Узнав меня, спрятался под шинель. Я подошла, рукой его погладила.
– Вам надо спать. Вам надо хорошенько отдохнуть.
– Ни, ни, не могу отдохнуць, я стал проклятый, у меня подушка кровью пахнец…
Я успокаивала, как умела. Пылающие руки, влажный лоб, растрепанная бороденка… За «великую Россию»! Я стала напевать вполголоса, а он притих. Коптилка-лампочка потрескивала. В большой палате двое не заснули еще, резались в носы. Мне слышно было шлепанье их карт, грубые голоса. Я вспомнила Париж. Представился тот вечер герцогини, под открытым небом, и рога охот старинных, и Диана, нимфы, голубые звезды над Булонским лесом, лебеди на озере… Кэлка вдруг взял меня за руку, погладил.
– Зжена померла, маму померла, один остался, позжалеть некому.
Он помолчал.
– Я на войну боль-се не пойду. Луцьше руки на себя накладу… Покойней, покойней… – он ткнул на себя пальцем, – когда здесь сидите, только никомю не сказывайте: не пойду я больше на войну.
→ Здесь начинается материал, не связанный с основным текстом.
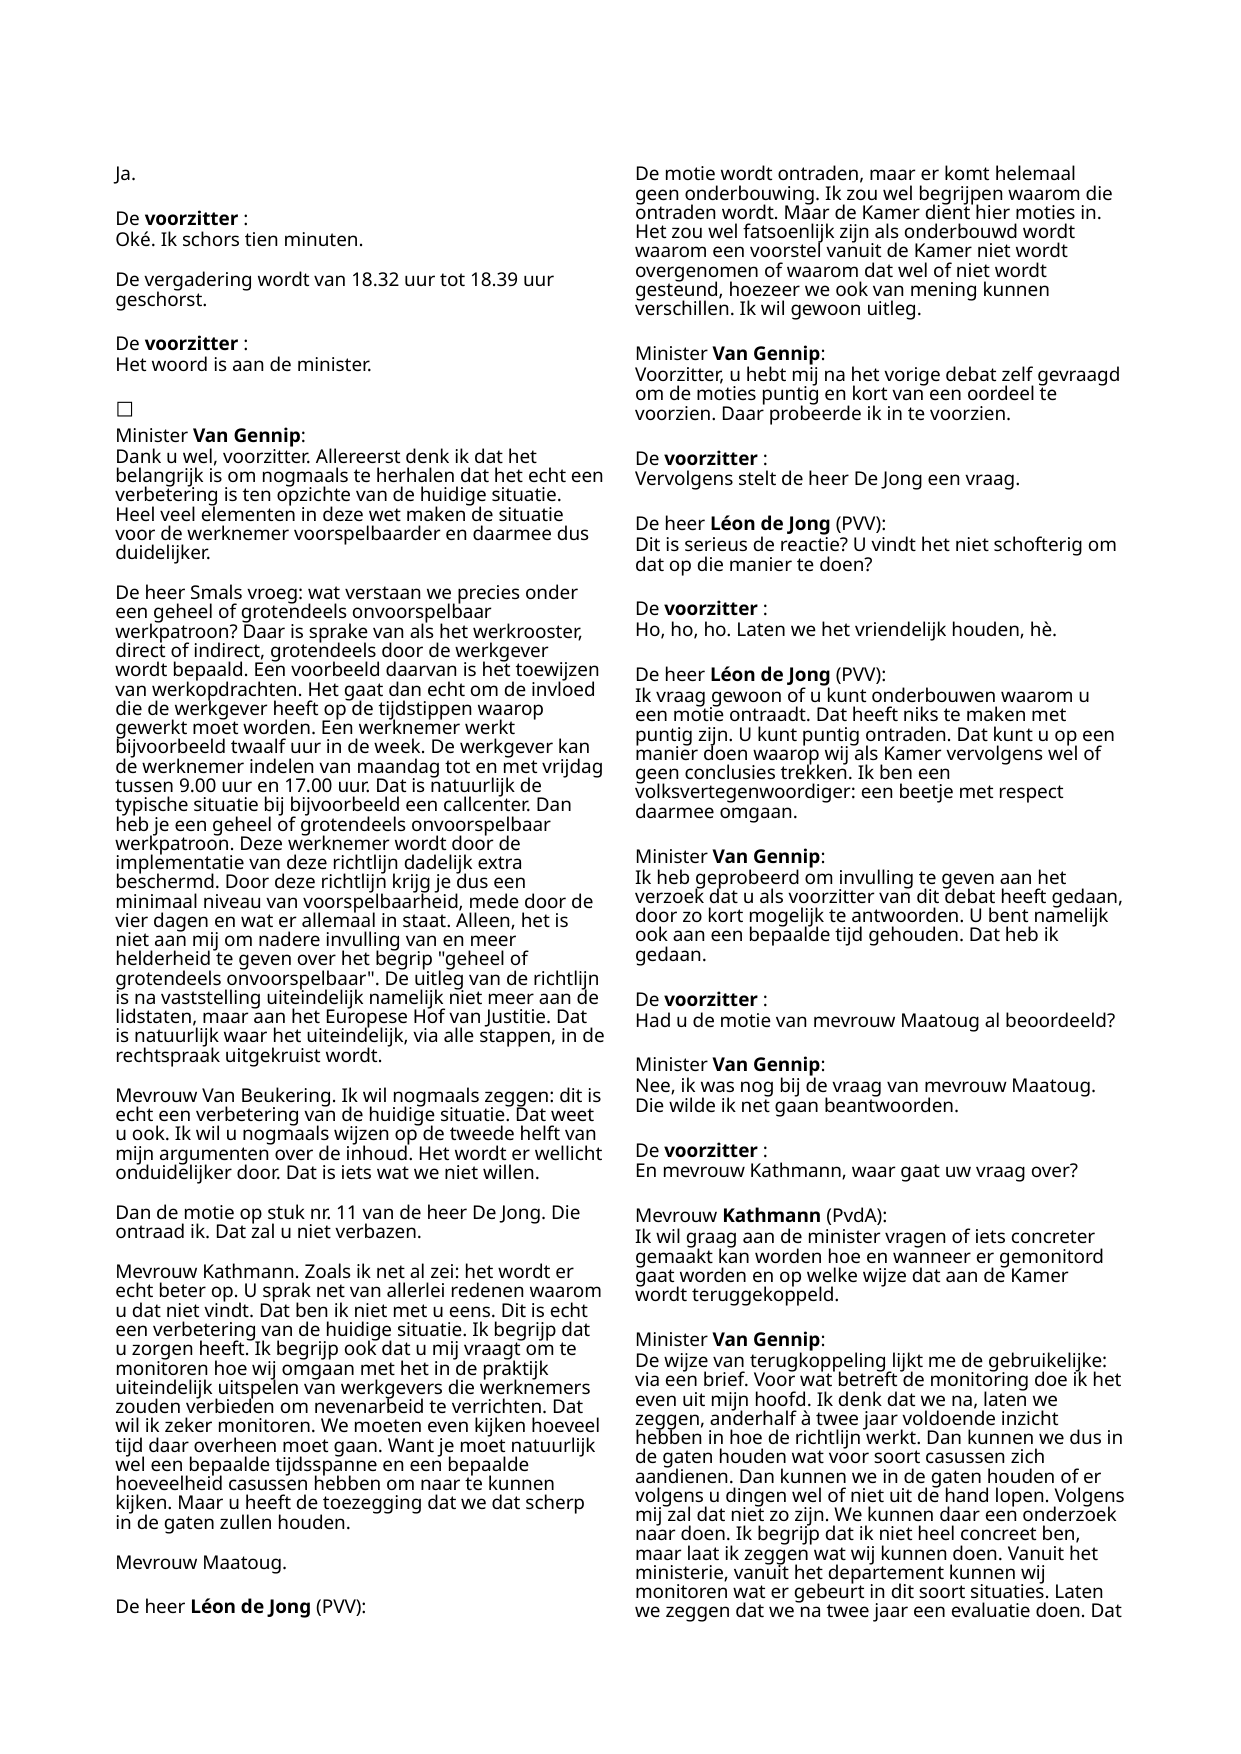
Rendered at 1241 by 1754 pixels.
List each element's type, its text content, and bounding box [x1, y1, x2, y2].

text Dank u wel, voorzitter. Allereerst denk ik dat het belangrijk is om nogmaals te herhalen dat het echt een verbetering is ten opzichte van de huidige situatie. Heel veel elementen in deze wet maken de situatie voor de werknemer voorspelbaarder en daarmee dus duidelijker. [115, 448, 605, 563]
text Oké. Ik schors tien minuten. [115, 231, 605, 250]
text Mevrouw Maatoug. [115, 1554, 605, 1573]
text De voorzitter : [635, 596, 1125, 621]
text Minister Van Gennip: [115, 422, 605, 448]
text Ik heb geprobeerd om invulling te geven aan het verzoek dat u als voorzitter van dit debat heeft gedaan, door zo kort mogelijk te antwoorden. U bent namelijk ook aan een bepaalde tijd gehouden. Dat heb ik gedaan. [635, 869, 1125, 965]
text De heer Léon de Jong (PVV): [115, 1594, 605, 1619]
text Mevrouw Kathmann (PvdA): [635, 1203, 1125, 1228]
text Minister Van Gennip: [635, 1326, 1125, 1352]
text Dit is serieus de reactie? U vindt het niet schofterig om dat op die manier te doen? [635, 536, 1125, 575]
text Mevrouw Van Beukering. Ik wil nogmaals zeggen: dit is echt een verbetering van de huidige situatie. Dat weet u ook. Ik wil u nogmaals wijzen op de tweede helft van mijn argumenten over de inhoud. Het wordt er wellicht onduidelijker door. Dat is iets wat we niet willen. [115, 1087, 605, 1183]
text De voorzitter : [635, 445, 1125, 470]
text De wijze van terugkoppeling lijkt me de gebruikelijke: via een brief. Voor wat betreft de monitoring doe ik het even uit mijn hoofd. Ik denk dat we na, laten we zeggen, anderhalf à twee jaar voldoende inzicht hebben in hoe de richtlijn werkt. Dan kunnen we dus in de gaten houden wat voor soort casussen zich aandienen. Dan kunnen we in de gaten houden of er volgens u dingen wel of niet uit de hand lopen. Volgens mij zal dat niet zo zijn. We kunnen daar een onderzoek naar doen. Ik begrijp dat ik niet heel concreet ben, maar laat ik zeggen wat wij kunnen doen. Vanuit het ministerie, vanuit het departement kunnen wij monitoren wat er gebeurt in dit soort situaties. Laten we zeggen dat we na twee jaar een evaluatie doen. Dat [635, 1352, 1125, 1622]
text Had u de motie van mevrouw Maatoug al beoordeeld? [635, 1012, 1125, 1031]
text De voorzitter : [115, 205, 605, 231]
text Nee, ik was nog bij de vraag van mevrouw Maatoug. Die wilde ik net gaan beantwoorden. [635, 1077, 1125, 1116]
text De motie wordt ontraden, maar er komt helemaal geen onderbouwing. Ik zou wel begrijpen waarom die ontraden wordt. Maar de Kamer dient hier moties in. Het zou wel fatsoenlijk zijn als onderbouwd wordt waarom een voorstel vanuit de Kamer niet wordt overgenomen of waarom dat wel of niet wordt gesteund, hoezeer we ook van mening kunnen verschillen. Ik wil gewoon uitleg. [635, 165, 1125, 319]
text De heer Smals vroeg: wat verstaan we precies onder een geheel of grotendeels onvoorspelbaar werkpatroon? Daar is sprake van als het werkrooster, direct of indirect, grotendeels door de werkgever wordt bepaald. Een voorbeeld daarvan is het toewijzen van werkopdrachten. Het gaat dan echt om de invloed die de werkgever heeft op de tijdstippen waarop gewerkt moet worden. Een werknemer werkt bijvoorbeeld twaalf uur in de week. De werkgever kan de werknemer indelen van maandag tot en met vrijdag tussen 9.00 uur en 17.00 uur. Dat is natuurlijk de typische situatie bij bijvoorbeeld een callcenter. Dan heb je een geheel of grotendeels onvoorspelbaar werkpatroon. Deze werknemer wordt door de implementatie van deze richtlijn dadelijk extra beschermd. Door deze richtlijn krijg je dus een minimaal niveau van voorspelbaarheid, mede door de vier dagen en wat er allemaal in staat. Alleen, het is niet aan mij om nadere invulling van en meer helderheid te geven over het begrip "geheel of grotendeels onvoorspelbaar". De uitleg van de richtlijn is na vaststelling uiteindelijk namelijk niet meer aan de lidstaten, maar aan het Europese Hof van Justitie. Dat is natuurlijk waar het uiteindelijk, via alle stappen, in de rechtspraak uitgekruist wordt. [115, 584, 605, 1066]
text De voorzitter : [635, 1137, 1125, 1162]
text De voorzitter : [635, 986, 1125, 1012]
text Het woord is aan de minister. [115, 356, 605, 376]
text De heer Léon de Jong (PVV): [635, 511, 1125, 536]
text Minister Van Gennip: [635, 340, 1125, 366]
text ⬜ [115, 396, 605, 422]
text Ik wil graag aan de minister vragen of iets concreter gemaakt kan worden hoe en wanneer er gemonitord gaat worden en op welke wijze dat aan de Kamer wordt teruggekoppeld. [635, 1228, 1125, 1305]
text En mevrouw Kathmann, waar gaat uw vraag over? [635, 1162, 1125, 1182]
text De voorzitter : [115, 331, 605, 356]
text De vergadering wordt van 18.32 uur tot 18.39 uur geschorst. [115, 271, 605, 310]
text Ja. [115, 165, 605, 184]
text De heer Léon de Jong (PVV): [635, 661, 1125, 687]
text Ik vraag gewoon of u kunt onderbouwen waarom u een motie ontraadt. Dat heeft niks te maken met puntig zijn. U kunt puntig ontraden. Dat kunt u op een manier doen waarop wij als Kamer vervolgens wel of geen conclusies trekken. Ik ben een volksvertegenwoordiger: een beetje met respect daarmee omgaan. [635, 687, 1125, 822]
text Vervolgens stelt de heer De Jong een vraag. [635, 470, 1125, 490]
text Dan de motie op stuk nr. 11 van de heer De Jong. Die ontraad ik. Dat zal u niet verbazen. [115, 1204, 605, 1242]
text Ho, ho, ho. Laten we het vriendelijk houden, hè. [635, 621, 1125, 641]
text Voorzitter, u hebt mij na het vorige debat zelf gevraagd om de moties puntig en kort van een oordeel te voorzien. Daar probeerde ik in te voorzien. [635, 366, 1125, 424]
text Minister Van Gennip: [635, 1052, 1125, 1077]
text Minister Van Gennip: [635, 843, 1125, 869]
text Mevrouw Kathmann. Zoals ik net al zei: het wordt er echt beter op. U sprak net van allerlei redenen waarom u dat niet vindt. Dat ben ik niet met u eens. Dit is echt een verbetering van de huidige situatie. Ik begrijp dat u zorgen heeft. Ik begrijp ook dat u mij vraagt om te monitoren hoe wij omgaan met het in de praktijk uiteindelijk uitspelen van werkgevers die werknemers zouden verbieden om nevenarbeid te verrichten. Dat wil ik zeker monitoren. We moeten even kijken hoeveel tijd daar overheen moet gaan. Want je moet natuurlijk wel een bepaalde tijdsspanne en een bepaalde hoeveelheid casussen hebben om naar te kunnen kijken. Maar u heeft de toezegging dat we dat scherp in de gaten zullen houden. [115, 1263, 605, 1533]

Я возвратилась в комнату дежурного в волнении. Спать не хотелось. Ветер грохотал, ночь выла страшным и извечным воем. Накинувши пальто, я вышла в сени, к заднему крыльцу – рукой уверенной отворила дверь. Черная тьма ринулась на меня – влажная и душистая, крепко-могучий запах осени. Я знала, эта дверь выходит прямо в поле. И октябрьский ветер невозбранно пролетал над пустынным этим полем, напояя терпким, горьким.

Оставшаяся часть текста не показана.